Task input section start

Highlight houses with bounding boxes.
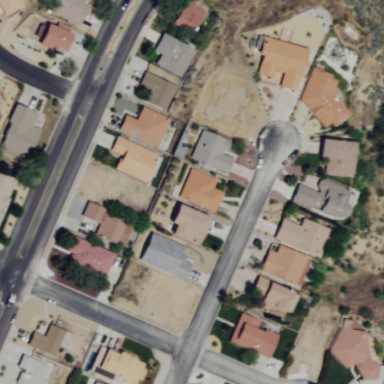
[232,312,281,358]
[120,106,172,147]
[29,324,67,356]
[324,138,360,178]
[275,218,330,258]
[262,245,314,287]
[0,0,24,17]
[292,178,360,219]
[301,66,352,128]
[258,28,310,91]
[3,104,46,154]
[68,237,116,274]
[0,174,18,223]
[54,0,88,24]
[112,136,158,183]
[92,346,147,384]
[192,130,234,174]
[156,33,197,77]
[175,3,206,28]
[42,23,75,51]
[17,354,54,384]
[168,203,215,246]
[331,320,382,380]
[180,168,225,213]
[256,276,300,318]
[84,201,132,246]
[140,232,193,279]
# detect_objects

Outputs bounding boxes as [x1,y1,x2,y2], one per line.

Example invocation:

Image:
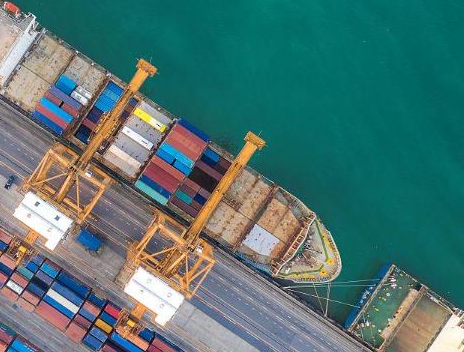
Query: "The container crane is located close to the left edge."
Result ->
[3,55,159,268]
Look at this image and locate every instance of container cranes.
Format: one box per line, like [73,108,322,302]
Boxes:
[111,129,273,342]
[3,55,159,268]
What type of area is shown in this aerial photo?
port
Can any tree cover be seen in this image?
No
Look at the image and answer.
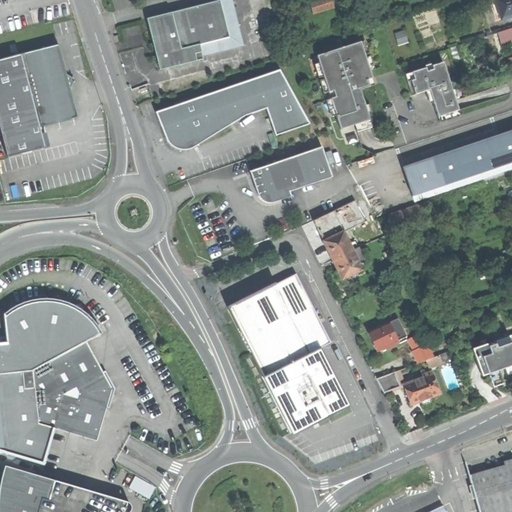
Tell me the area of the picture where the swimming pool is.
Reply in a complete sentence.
The swimming pool is in the bottom right part of the image.
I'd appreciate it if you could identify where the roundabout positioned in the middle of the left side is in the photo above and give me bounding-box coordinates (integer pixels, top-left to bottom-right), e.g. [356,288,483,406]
[114,192,154,232]
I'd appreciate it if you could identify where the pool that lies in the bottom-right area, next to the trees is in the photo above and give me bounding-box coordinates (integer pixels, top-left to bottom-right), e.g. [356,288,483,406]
[440,364,460,391]
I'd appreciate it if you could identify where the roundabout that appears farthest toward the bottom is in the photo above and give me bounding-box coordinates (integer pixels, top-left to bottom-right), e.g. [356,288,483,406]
[192,460,298,512]
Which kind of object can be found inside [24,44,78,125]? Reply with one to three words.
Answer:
building
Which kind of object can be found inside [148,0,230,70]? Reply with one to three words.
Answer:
building
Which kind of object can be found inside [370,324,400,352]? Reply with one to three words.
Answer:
house
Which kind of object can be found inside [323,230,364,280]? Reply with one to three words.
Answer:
house
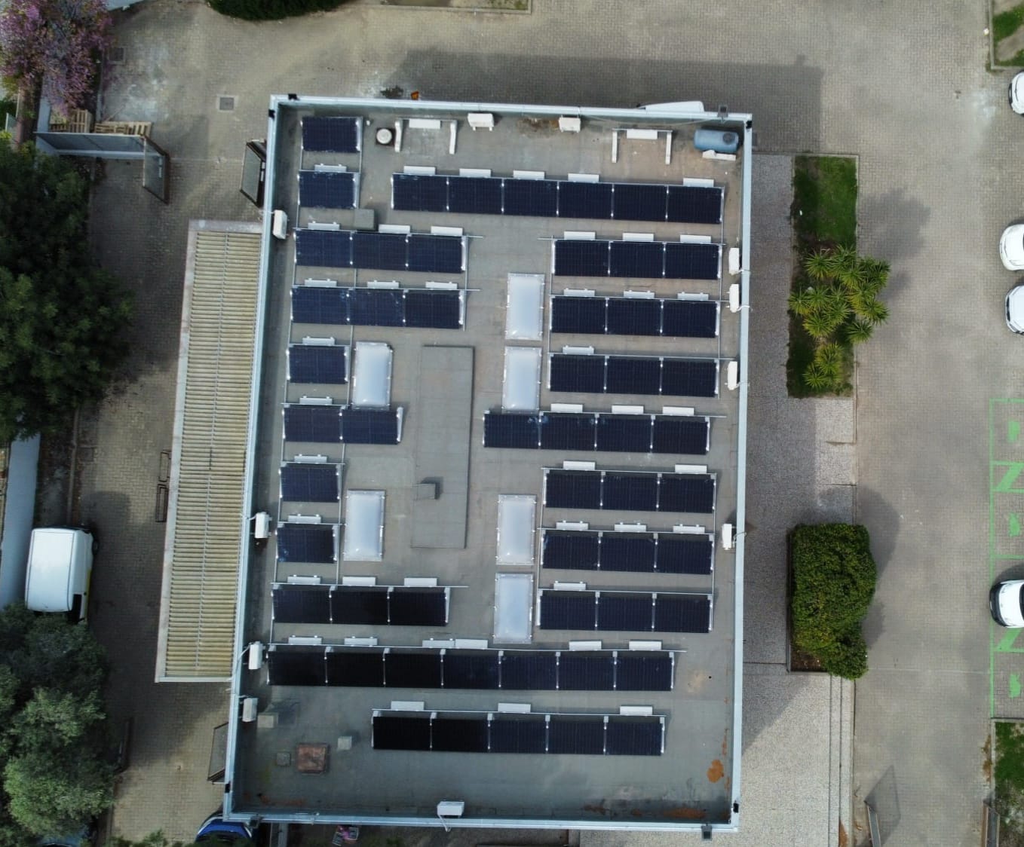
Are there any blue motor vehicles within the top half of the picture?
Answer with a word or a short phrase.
No
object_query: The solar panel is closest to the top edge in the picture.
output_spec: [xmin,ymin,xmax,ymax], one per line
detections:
[303,117,358,152]
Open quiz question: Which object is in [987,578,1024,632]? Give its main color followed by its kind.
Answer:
white car
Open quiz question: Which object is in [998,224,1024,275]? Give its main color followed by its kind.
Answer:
white car
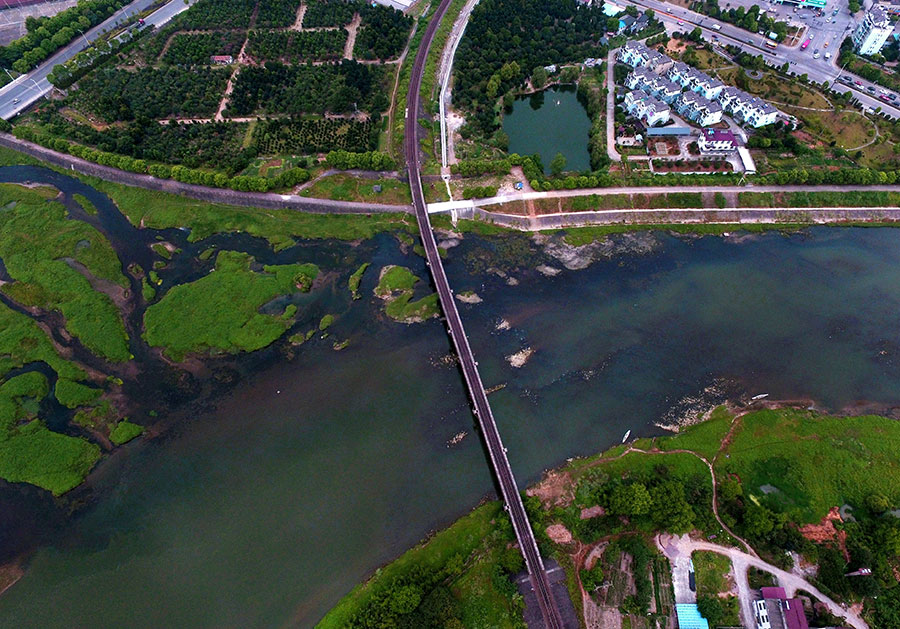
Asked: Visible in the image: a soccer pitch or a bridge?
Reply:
bridge
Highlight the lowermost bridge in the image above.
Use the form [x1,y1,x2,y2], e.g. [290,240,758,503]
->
[406,162,548,581]
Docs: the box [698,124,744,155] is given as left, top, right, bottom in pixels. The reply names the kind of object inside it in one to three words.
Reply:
house
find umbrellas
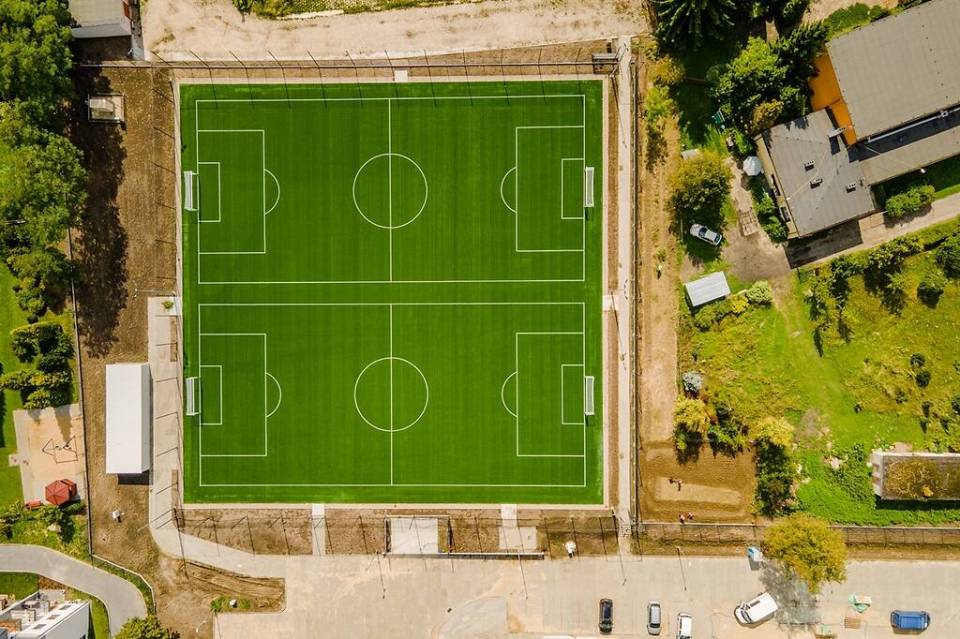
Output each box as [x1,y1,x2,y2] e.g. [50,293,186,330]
[47,479,73,504]
[743,157,760,174]
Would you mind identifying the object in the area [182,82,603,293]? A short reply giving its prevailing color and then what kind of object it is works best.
green soccer field
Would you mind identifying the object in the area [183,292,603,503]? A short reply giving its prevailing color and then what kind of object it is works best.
green soccer field
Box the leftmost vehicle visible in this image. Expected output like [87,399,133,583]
[598,597,614,632]
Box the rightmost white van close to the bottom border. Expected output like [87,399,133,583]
[737,593,776,624]
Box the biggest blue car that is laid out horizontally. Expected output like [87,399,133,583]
[890,610,927,630]
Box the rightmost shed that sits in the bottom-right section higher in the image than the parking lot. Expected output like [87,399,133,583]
[870,452,960,499]
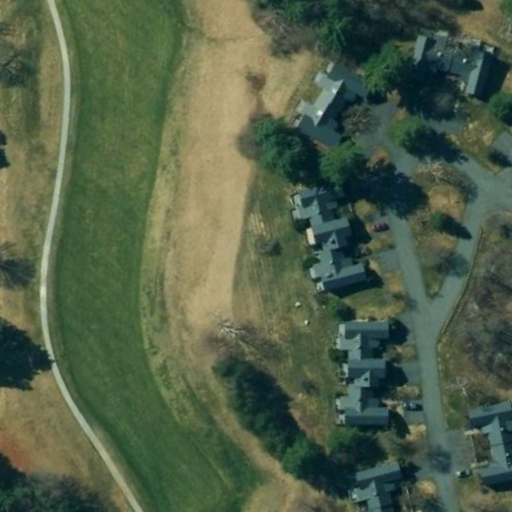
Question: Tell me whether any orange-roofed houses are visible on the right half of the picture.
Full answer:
No, looking on the right half of the picture, there is no orange-roofed house.
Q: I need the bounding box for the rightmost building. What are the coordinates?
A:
[469,401,512,488]
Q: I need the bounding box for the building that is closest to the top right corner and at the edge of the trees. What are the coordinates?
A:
[413,29,495,95]
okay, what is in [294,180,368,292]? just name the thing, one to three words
house
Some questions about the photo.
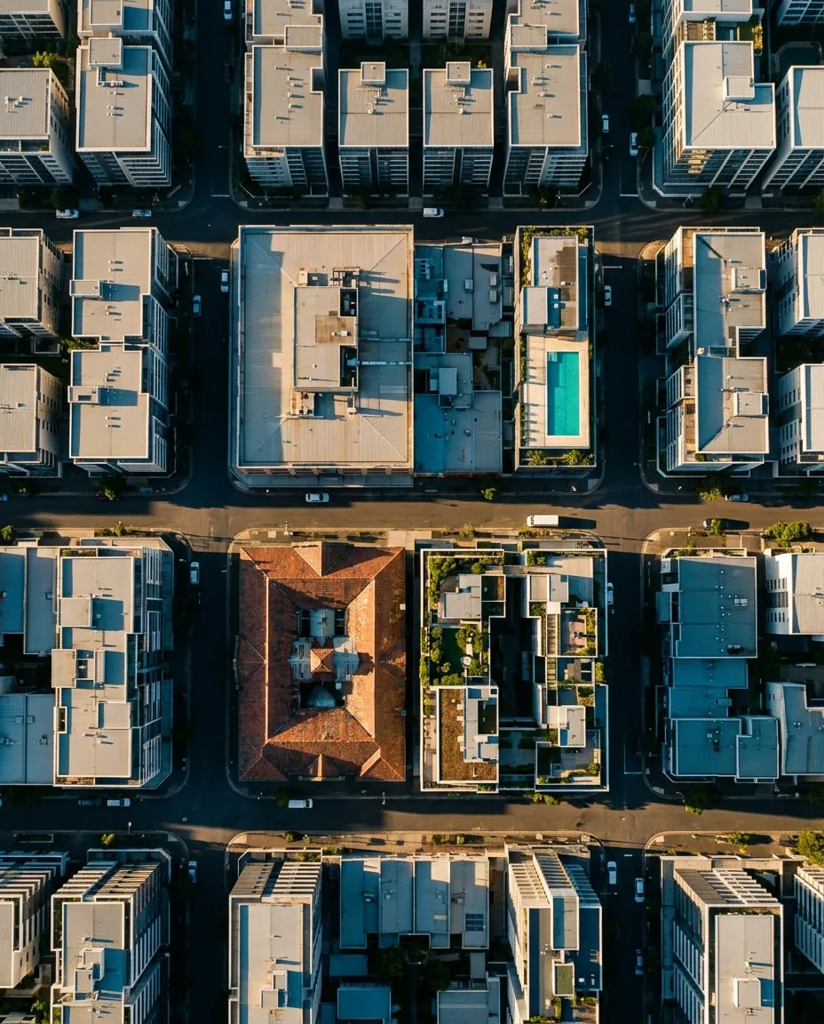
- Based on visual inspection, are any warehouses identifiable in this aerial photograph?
Yes
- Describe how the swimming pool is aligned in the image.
vertically
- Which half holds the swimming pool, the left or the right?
right
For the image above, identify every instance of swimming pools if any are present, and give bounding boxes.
[547,351,580,436]
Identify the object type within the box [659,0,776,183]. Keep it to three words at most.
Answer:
building
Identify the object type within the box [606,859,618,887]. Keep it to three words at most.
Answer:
vehicle
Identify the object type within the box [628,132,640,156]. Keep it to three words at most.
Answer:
vehicle
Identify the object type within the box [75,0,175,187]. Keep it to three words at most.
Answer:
building
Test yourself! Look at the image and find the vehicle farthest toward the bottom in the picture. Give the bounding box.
[634,948,646,974]
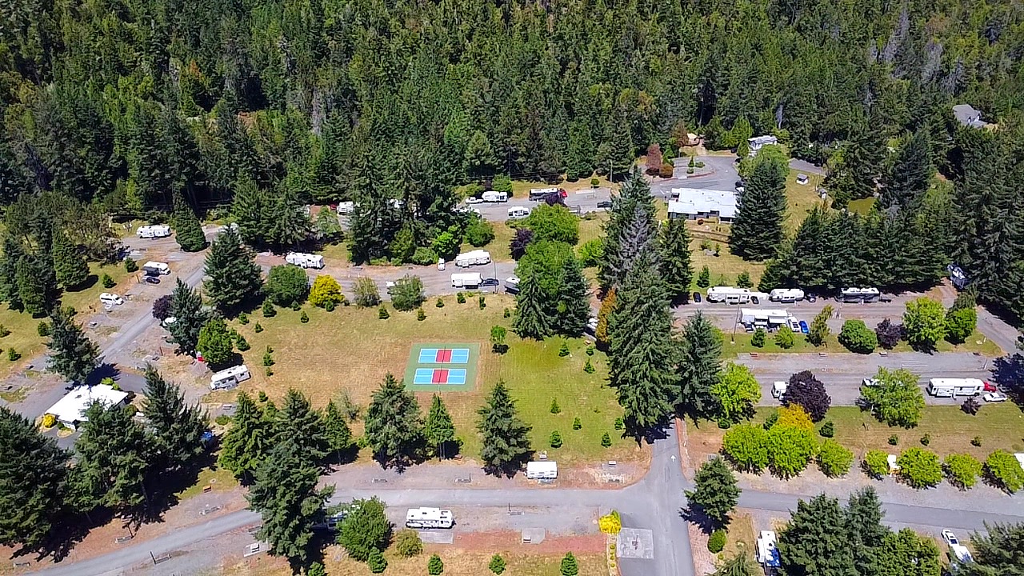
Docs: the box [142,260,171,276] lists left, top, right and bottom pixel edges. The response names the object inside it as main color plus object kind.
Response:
white camper
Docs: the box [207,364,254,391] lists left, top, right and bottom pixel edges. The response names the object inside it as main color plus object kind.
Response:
white trailer
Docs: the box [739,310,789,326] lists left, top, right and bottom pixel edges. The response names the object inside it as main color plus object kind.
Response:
white trailer
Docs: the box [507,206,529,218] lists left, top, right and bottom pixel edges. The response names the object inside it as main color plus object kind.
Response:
white vehicle
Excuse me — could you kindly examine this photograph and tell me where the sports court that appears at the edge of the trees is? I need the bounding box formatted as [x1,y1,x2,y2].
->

Task input section end

Your task:
When you copy the entries, keep every word exactly as it stands and drop any pictures.

Response below:
Highlight houses with bounding boxes.
[232,312,281,358]
[120,106,172,147]
[29,324,67,356]
[324,138,360,178]
[275,218,330,258]
[262,245,314,287]
[0,0,24,17]
[292,178,360,219]
[301,66,352,128]
[258,28,310,91]
[3,104,46,154]
[68,237,116,274]
[0,174,18,223]
[54,0,88,24]
[112,136,158,183]
[92,346,147,384]
[192,130,234,174]
[156,33,197,77]
[175,3,206,28]
[42,23,75,51]
[17,354,54,384]
[168,203,215,246]
[331,320,382,380]
[180,168,225,213]
[256,276,300,318]
[84,201,132,246]
[140,232,193,279]
# detect_objects

Outputs bounding boxes as [x1,y1,x2,y2], one per line.

Example invocation:

Image:
Query: "The container crane is located close to the left edge."
Result ->
[3,55,159,268]
Look at this image and locate every instance of container cranes.
Format: one box per line, like [73,108,322,302]
Boxes:
[111,129,273,342]
[3,55,159,268]
What type of area is shown in this aerial photo?
port
Can any tree cover be seen in this image?
No
Look at the image and answer.
Tell me the area of the picture where the swimming pool is.
Reply in a complete sentence.
The swimming pool is in the bottom right part of the image.
I'd appreciate it if you could identify where the roundabout positioned in the middle of the left side is in the photo above and give me bounding-box coordinates (integer pixels, top-left to bottom-right), e.g. [356,288,483,406]
[114,192,154,232]
I'd appreciate it if you could identify where the pool that lies in the bottom-right area, next to the trees is in the photo above and give me bounding-box coordinates (integer pixels, top-left to bottom-right), e.g. [356,288,483,406]
[440,364,460,391]
I'd appreciate it if you could identify where the roundabout that appears farthest toward the bottom is in the photo above and give me bounding-box coordinates (integer pixels, top-left to bottom-right), e.g. [356,288,483,406]
[192,460,298,512]
Which kind of object can be found inside [24,44,78,125]? Reply with one to three words.
Answer:
building
Which kind of object can be found inside [148,0,230,70]? Reply with one to three words.
Answer:
building
Which kind of object can be found inside [370,324,400,352]? Reply with one to three words.
Answer:
house
Which kind of object can be found inside [323,230,364,280]? Reply with one to three words.
Answer:
house
Are there any blue motor vehicles within the top half of the picture?
Answer with a word or a short phrase.
No
object_query: The solar panel is closest to the top edge in the picture.
output_spec: [xmin,ymin,xmax,ymax], one per line
detections:
[303,117,358,152]
Open quiz question: Which object is in [987,578,1024,632]? Give its main color followed by its kind.
Answer:
white car
Open quiz question: Which object is in [998,224,1024,275]? Give its main color followed by its kind.
Answer:
white car
Asked: Visible in the image: a soccer pitch or a bridge?
Reply:
bridge
Highlight the lowermost bridge in the image above.
Use the form [x1,y1,x2,y2], e.g. [290,240,758,503]
->
[406,162,548,581]
Docs: the box [698,124,744,155] is given as left, top, right, bottom in pixels. The reply names the kind of object inside it in one to three words.
Reply:
house
find umbrellas
Output each box as [x1,y1,x2,y2] e.g. [50,293,186,330]
[47,479,73,504]
[743,157,760,174]
Would you mind identifying the object in the area [182,82,603,293]? A short reply giving its prevailing color and then what kind of object it is works best.
green soccer field
Would you mind identifying the object in the area [183,292,603,503]? A short reply giving its prevailing color and then what kind of object it is works best.
green soccer field
Box the leftmost vehicle visible in this image. Expected output like [87,399,133,583]
[598,597,614,632]
Box the rightmost white van close to the bottom border. Expected output like [87,399,133,583]
[737,593,776,624]
Box the biggest blue car that is laid out horizontally. Expected output like [87,399,133,583]
[890,610,927,630]
Box the rightmost shed that sits in the bottom-right section higher in the image than the parking lot. Expected output like [87,399,133,583]
[870,452,960,499]
Question: Tell me whether any orange-roofed houses are visible on the right half of the picture.
Full answer:
No, looking on the right half of the picture, there is no orange-roofed house.
Q: I need the bounding box for the rightmost building. What are the coordinates?
A:
[469,401,512,488]
Q: I need the bounding box for the building that is closest to the top right corner and at the edge of the trees. What are the coordinates?
A:
[413,29,495,95]
okay, what is in [294,180,368,292]? just name the thing, one to three words
house
Some questions about the photo.
- Based on visual inspection, are any warehouses identifiable in this aerial photograph?
Yes
- Describe how the swimming pool is aligned in the image.
vertically
- Which half holds the swimming pool, the left or the right?
right
For the image above, identify every instance of swimming pools if any are present, and give bounding boxes.
[547,351,580,436]
Identify the object type within the box [659,0,776,183]. Keep it to three words at most.
Answer:
building
Identify the object type within the box [606,859,618,887]. Keep it to three words at most.
Answer:
vehicle
Identify the object type within the box [628,132,640,156]. Keep it to three words at most.
Answer:
vehicle
Identify the object type within the box [75,0,175,187]. Keep it to three words at most.
Answer:
building
Test yourself! Look at the image and find the vehicle farthest toward the bottom in the picture. Give the bounding box.
[634,948,646,974]
Docs: the box [142,260,171,276] lists left, top, right and bottom pixel edges. The response names the object inside it as main color plus object kind.
Response:
white camper
Docs: the box [207,364,254,391] lists left, top, right and bottom pixel edges. The response names the object inside it as main color plus object kind.
Response:
white trailer
Docs: the box [739,310,789,326] lists left, top, right and bottom pixel edges. The response names the object inside it as main color plus object kind.
Response:
white trailer
Docs: the box [507,206,529,218] lists left, top, right and bottom pixel edges. The response names the object inside it as main color plus object kind.
Response:
white vehicle
Excuse me — could you kindly examine this photograph and tell me where the sports court that appears at the edge of the trees is? I need the bounding box formatted as [x1,y1,x2,y2].
->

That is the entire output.